Tiger Boot Times: Quicksilver vs 8600

Discussion in 'PowerPC Macs' started by tevion5, Mar 23, 2016.

  1. tevion5 macrumors 68000


    Jul 12, 2011
    Having successfully installed Mac OS X 10.4.11 on my 8600/250 (as detailed here: http://forums.macrumors.com/threads/604ev-tiger-and-geekbench.1962898/), I thought it would be fun to compare the speeds at which my 1GHz DP Quicksilver and 250MHz 8600 boot the OS.

    They have the exact same OS, as the 8600 drive is a clone of my Quicksilver so it's totally fair. The slower buses are the biggest downside to the 8600 of course. And of course the enormous difference in CPU power. 840 vs 95 in Geekbench 2!

    However, in terms of HDD's and GPU's and RAM, they are actually fairly equal. At least on the surface. Again those buses and differing memory speeds are a massive factor. Anyway enjoy the little video I made comparing the two!

  2. bunnspecial macrumors 603


    May 3, 2014
    Very nice.

    Yours booted a fair bit faster than either my 8600 or 9600, although no doubt your 1gb of RAM(I need to just bit the bullet on that...) help a lot as well as your faster clock speed vs. both of mine(200mhz).

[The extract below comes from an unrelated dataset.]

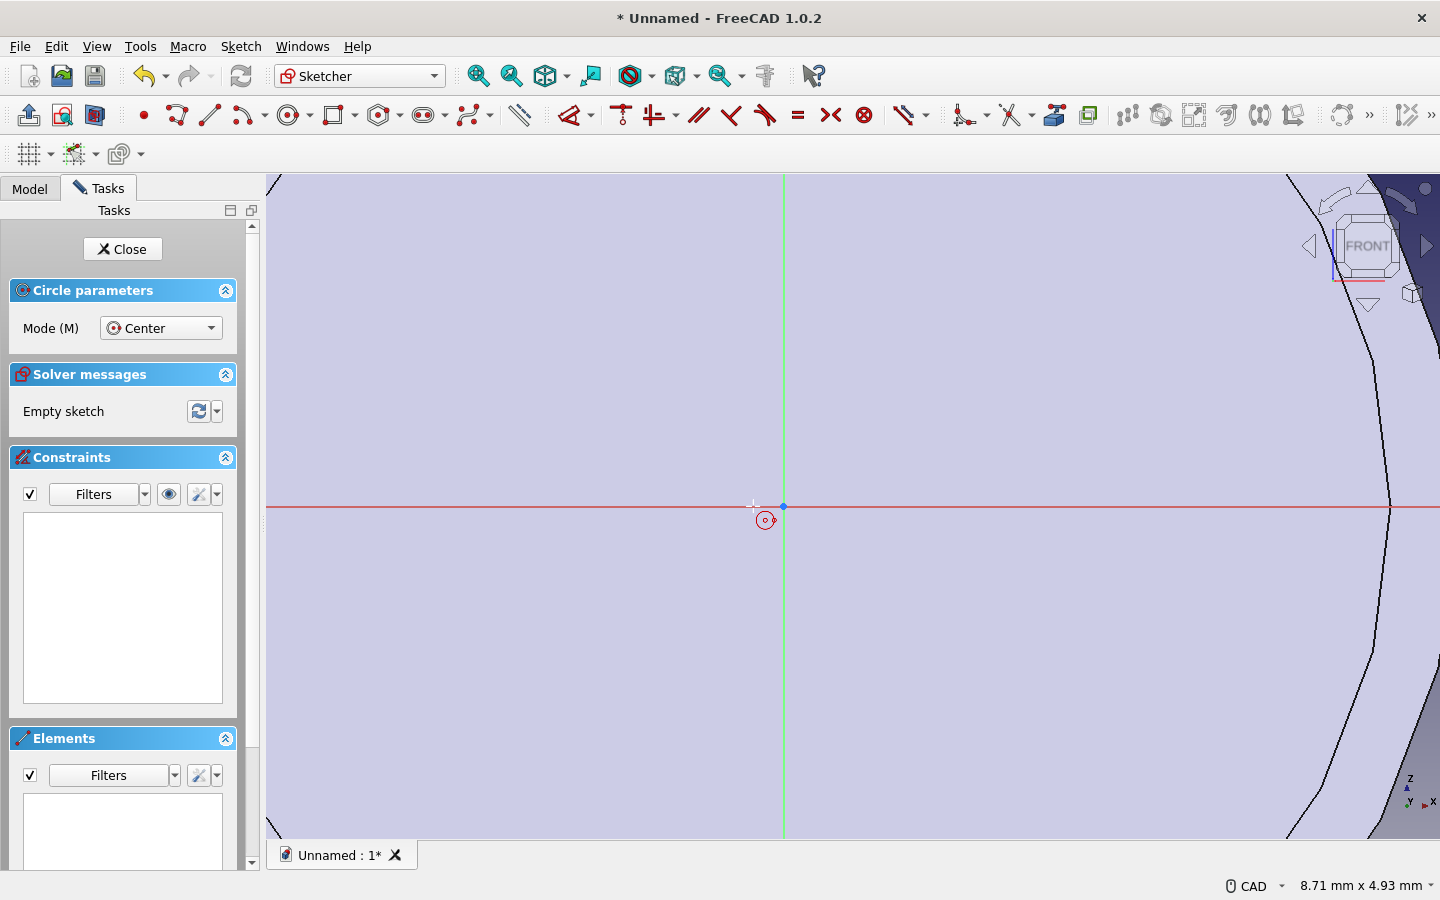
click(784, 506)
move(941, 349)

    On the GPU front, I'm guessing you're probably running a 4MX or Radeon 9000 in your Quicksilver since you say they're comparable(I think my dual 1ghz shipped with a 4mx, although needless to say I'm no longer using it :) ). Although the 9200 in your 8600 is the more powerful GPU of the bunch, bear in mind that it's limited by the PCI bus and you're pushing a decent amount through it with the ATA card and the 9200. Although the 9200 supports Quartz Extreme, it's disabled by default on PCI. There are ways to enable it(@LightBulbFun may have talked you through it) and it does help OS X a lot. The downside, of course, is even more throughput on the PCI bus.

    As much as I love my 8600 and plan on running Leopard on it(with the 800/1mb G4 card), you get a definite advantage in this department with the 9600. Specifically, because the 9600 has two separate PCI buses, you put the GPU on one bus, your ATA card on the other, and spread out some of your other, lower bandwidth expansion cards(like the USB/Firewire card and the 10/100 or 10/100/1000 card we all want to keep things more manageable) and not have to worry as much about congestion.